How does he do it? Father Christmas. Santa. This Christmas he will deliver presents to 1.6 billion children requiring him to visit 5556 homes a second.* Now that should be a logistics nightmare. Not only the quantity of deliveries, but also the bulk of those deliveries, the package tracking to make sure they get the other right place and the variety of delivery requirements. And not all chimneys are alike by any means, if there is a chimney at all. Then throw in a mince pie and a glass of whisky/brandy at every home and that is a perfect storm of logistical challenges. But he carries it off, year after year, with barely a hitch.
I’ve been puzzling about this for a while. And then suddenly it came to me. Unmanned Aerial Vehicles. UAVs. Drones. Of course! Why didn’t I think of it before? In his secret snow-bound facility, Father Christmas has been pioneering drone deliveries for years. The penny finally dropped when I saw on Sunday that Amazon had revealed its new prototype drone for its Prime Air delivery system. It offers speed, efficiency and personalization. Amazon is of course not alone with such ventures with Google, DHL and Walmart amongst also trialling drone deliveries, along with a host of smaller enterprises.

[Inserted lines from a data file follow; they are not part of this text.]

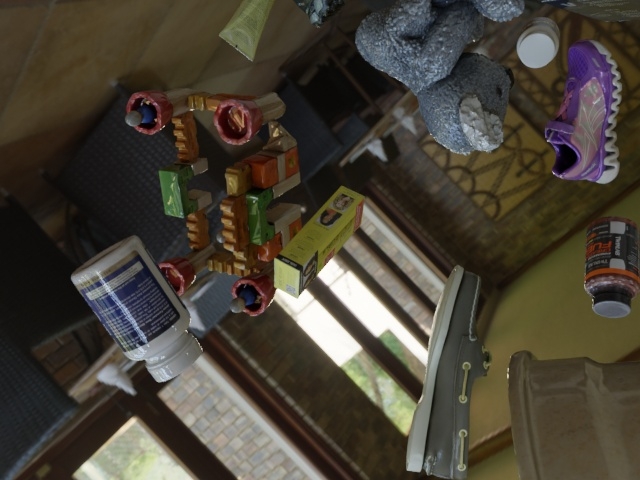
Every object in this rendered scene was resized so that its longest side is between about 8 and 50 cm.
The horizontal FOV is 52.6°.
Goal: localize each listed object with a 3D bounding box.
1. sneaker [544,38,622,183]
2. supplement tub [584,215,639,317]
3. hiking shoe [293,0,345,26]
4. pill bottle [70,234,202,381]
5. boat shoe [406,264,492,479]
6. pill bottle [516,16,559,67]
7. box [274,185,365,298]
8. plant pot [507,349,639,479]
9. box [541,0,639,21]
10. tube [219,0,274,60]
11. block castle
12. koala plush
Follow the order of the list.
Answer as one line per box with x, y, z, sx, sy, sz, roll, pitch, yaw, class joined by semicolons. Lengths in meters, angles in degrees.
0.414;-0.198;1.040;0.104;0.236;0.095;-12;-162;-6;sneaker
0.596;0.055;1.321;0.106;0.106;0.198;-45;-155;56;supplement tub
0.007;-0.504;1.092;0.113;0.132;0.304;-48;175;-35;hiking shoe
-0.220;0.087;0.799;0.094;0.169;0.094;-29;-166;8;pill bottle
0.198;0.191;0.945;0.109;0.091;0.305;56;47;-79;boat shoe
0.424;-0.384;1.259;0.078;0.078;0.137;-45;-174;33;pill bottle
0.000;0.000;1.216;0.232;0.058;0.087;-49;156;-38;box
0.348;0.215;0.498;0.305;0.334;0.334;-18;-171;21;plant pot
0.473;-0.416;1.035;0.156;0.158;0.093;28;-69;61;box
-0.154;-0.522;1.481;0.062;0.070;0.240;84;21;-59;tube
-0.222;-0.080;1.335;0.213;0.303;0.453;-40;134;-54;block castle
0.169;-0.214;0.846;0.203;0.221;0.196;-22;-171;-2;koala plush

Now I’ve heard some naysayers question why these companies are bothering with drones. There are a lot of hurdles: there are regulations to consider; the technology is still early with limited carrying capacity; there are safety concerns over collisions with other airborne things and each other; landing conditions are not standard; and people find change difficult. But these companies have no choice. They are being forced to innovate deliveries, like so many other services, by the expectations of customers. From Uber to Airbnb, Apple to Dropbox, Evernote to Tesla, companies are setting customer expectations at higher and higher bars. And Father Christmas has set the mother of all high bars with his logistical wizardry. Not only that, but he’s feeding the beast! Rich Swayze, the US Federal Aviation Administration’s top man in charge of policy, international affairs and environmental matters, expressed concern recently that a million Americans will find drones under their trees on 25th December.
So Rich is worried as are many of his regulatory peers. But regulators need to realise that there is a lot of pressure on companies to make ever faster deliveries. At the moment regulation is not keeping up with customer demand. For instance, in the UK, the drone has to remain in line of sight and within 500 metres of the pilot. But drones are capable of much more than that. Amazon and its competitors have a way to go before they reach Santa standards, but Amazon reckons its drones will be able to fly distances of up to 15 miles and reach altitudes of 400 feet. This offers the potential of even faster deliveries - within 30 minutes of ordering. Customers love that idea.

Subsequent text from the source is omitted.